Jorge is the executive director of the CIEM and his working team comprises 17 people from social, economic, administrative, and artistic areas. The annual budget averages $200,000, and Jorge has developed three main funding sources: 45 percent comes from projects for national and international agencies, 25 percent is from services provided to the government, and the rest is revenue from self-financing initiatives (printer, cafeteria, craft sales) or company sponsorships.

The Person

Born to Italian immigrants, Jorge received an education based on respect for diversity and solidarity. After obtaining a degree in social anthropology, Jorge created and coordinated a support fund for Small Development Projects for underprivileged communities in Chile, an organization that still functions today.
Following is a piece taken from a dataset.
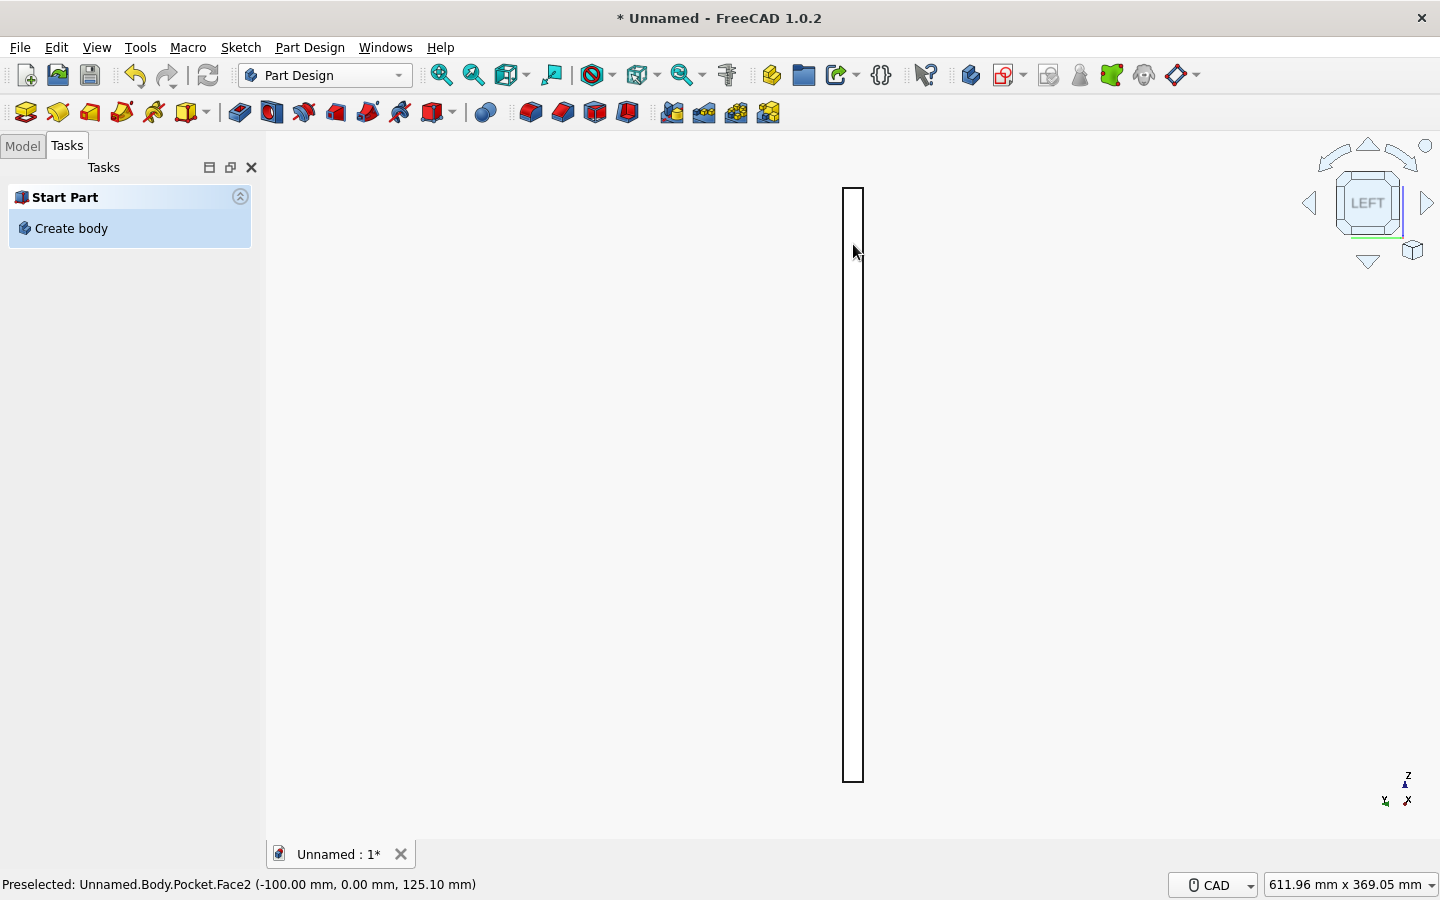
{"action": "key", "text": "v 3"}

He credits the five years he provided training and funding to 370 initiatives of self-managed productive organizations in rural and urban sectors as a valuable learning experience.
A Belgian interested in self-managed grassroots organizations in Latin America eventually offered Jorge a scholarship in Lovaina University, where he received a master's degree in development. While studying in Belgium, Jorge researched diverse experiences of self-management and productive development in Latin America and worked in the Development Studies Institute designing and assessing development policies for poor Latin American countries.
Although he was offered opportunities to stay in Belgium, Jorge preferred to return to Chile after the return of democracy. Having made the decision to live outside Santiago, he and his family moved to San Felipe in Aconcagua Valley. There, Jorge began working in development, mentoring and giving microcredit to local small producers, fostering approximately 700 productive initiatives.